A credit card is a bank card people use to buy items without paying cash. In simple terms, credit cards give a line of credit on the credit cards that are used to make purchases, do balance transfers or cash advances, and require the card owner to pay back the loan amount in future. When a product is purchased using a credit card, the issuing bank pays on behalf of its customer, and the loan is to be paid in the future – usually monthly by a due date.
A person’s first credit card can mean the difference between establishing an excellent credit score or building a healthy financial future. If not used properly, a credit card can lead to mountains of debt, which can be challenging to repay. As a result, before anyone starts to use their first credit card, below are a few guidelines that will lead you along the right financial path.
Set a Budget
Although a credit card can allow the holder access to a lot of purchases, it shouldn’t tempt one to buy things they can’t afford. Given that it’s a convenient way to purchase and earn rewards, it’s so easy for the holder to get on a shopping rampage.
As a result, it’s advisable to have a realistic idea of the amount you can spend, which you can also pay back at the end of the month. Keeping a budget that indicates, say 50% of the take-home for groceries, 30% to pay for needs but not wants, and 20% on savings and paying off debt, is highly advisable. If this budget is followed, it will help keep your spending and saving in proportion.
Set Up Automatic Payments
Paying a monthly bill takes time to get used to, and it’s so easy to ignore or postpone payment. To avoid pressure, extra charges, and late credit card bills, one should schedule automatic payments ahead of the due date.
Also, always ensure that your expected salary is above the minimum amount of payment on your card. This is to ensure that you have enough funds in your account before a scheduled payment is released. Failure to do that leads to late fee charges and a returned payment fee.

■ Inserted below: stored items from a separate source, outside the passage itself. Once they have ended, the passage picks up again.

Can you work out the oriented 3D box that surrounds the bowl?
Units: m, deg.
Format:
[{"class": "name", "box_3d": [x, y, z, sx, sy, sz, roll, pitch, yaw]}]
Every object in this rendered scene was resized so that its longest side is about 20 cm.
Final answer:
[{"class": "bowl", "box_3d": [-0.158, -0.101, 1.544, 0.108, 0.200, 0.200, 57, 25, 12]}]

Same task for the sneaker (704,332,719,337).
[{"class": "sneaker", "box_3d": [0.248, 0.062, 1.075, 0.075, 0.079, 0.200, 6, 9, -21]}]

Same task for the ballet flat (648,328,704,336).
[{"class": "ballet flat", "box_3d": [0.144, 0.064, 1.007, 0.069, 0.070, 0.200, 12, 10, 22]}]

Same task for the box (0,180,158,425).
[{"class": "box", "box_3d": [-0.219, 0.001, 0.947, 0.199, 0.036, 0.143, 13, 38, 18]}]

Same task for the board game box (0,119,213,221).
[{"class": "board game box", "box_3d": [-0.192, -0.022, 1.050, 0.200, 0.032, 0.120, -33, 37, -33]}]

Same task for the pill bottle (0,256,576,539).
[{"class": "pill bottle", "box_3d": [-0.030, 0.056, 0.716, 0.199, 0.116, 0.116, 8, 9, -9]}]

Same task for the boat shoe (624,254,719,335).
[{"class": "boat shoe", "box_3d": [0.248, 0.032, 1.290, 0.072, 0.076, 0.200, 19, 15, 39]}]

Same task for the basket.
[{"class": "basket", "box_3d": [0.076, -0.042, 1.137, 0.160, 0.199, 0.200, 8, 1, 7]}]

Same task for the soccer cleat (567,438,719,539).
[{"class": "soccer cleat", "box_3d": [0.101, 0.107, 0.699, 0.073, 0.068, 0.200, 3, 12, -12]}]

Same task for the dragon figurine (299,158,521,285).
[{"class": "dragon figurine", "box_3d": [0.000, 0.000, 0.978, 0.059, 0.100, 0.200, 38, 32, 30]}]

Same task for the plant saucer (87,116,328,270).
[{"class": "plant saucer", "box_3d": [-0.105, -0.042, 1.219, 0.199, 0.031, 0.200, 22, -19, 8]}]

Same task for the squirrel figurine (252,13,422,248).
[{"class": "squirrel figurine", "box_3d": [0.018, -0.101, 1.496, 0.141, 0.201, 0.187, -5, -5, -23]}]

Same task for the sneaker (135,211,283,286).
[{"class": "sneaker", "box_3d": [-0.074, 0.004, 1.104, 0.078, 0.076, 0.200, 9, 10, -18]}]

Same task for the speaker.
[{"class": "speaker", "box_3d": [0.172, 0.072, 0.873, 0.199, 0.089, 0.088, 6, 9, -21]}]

Also, timely payment boosts payment history, which contributes to one’s credit score. Lenders use credit score to assess one’s credit usage, and therefore, it’s recommendable to pay all the credit card bills on time to keep the score high.
Keep a Record of Your Purchases
Always calculate the amount you can afford to spend as number one on the list. Then, track your monthly purchases by using either your credit card’s website or app. Once the monthly spending limit is hit, avoid using the card until the balance is paid off. This financial discipline keeps one out of credit card debt and helps build a good credit score.
In conclusion, to be able to enjoy your credit card, always ensure to pay on time to keep your score high. Keep a monthly budget of the necessities first and wants coming last on the list, and always strive not to exceed your minimum payment. Setting up automatic payments will protect you from extra charges due to late payment.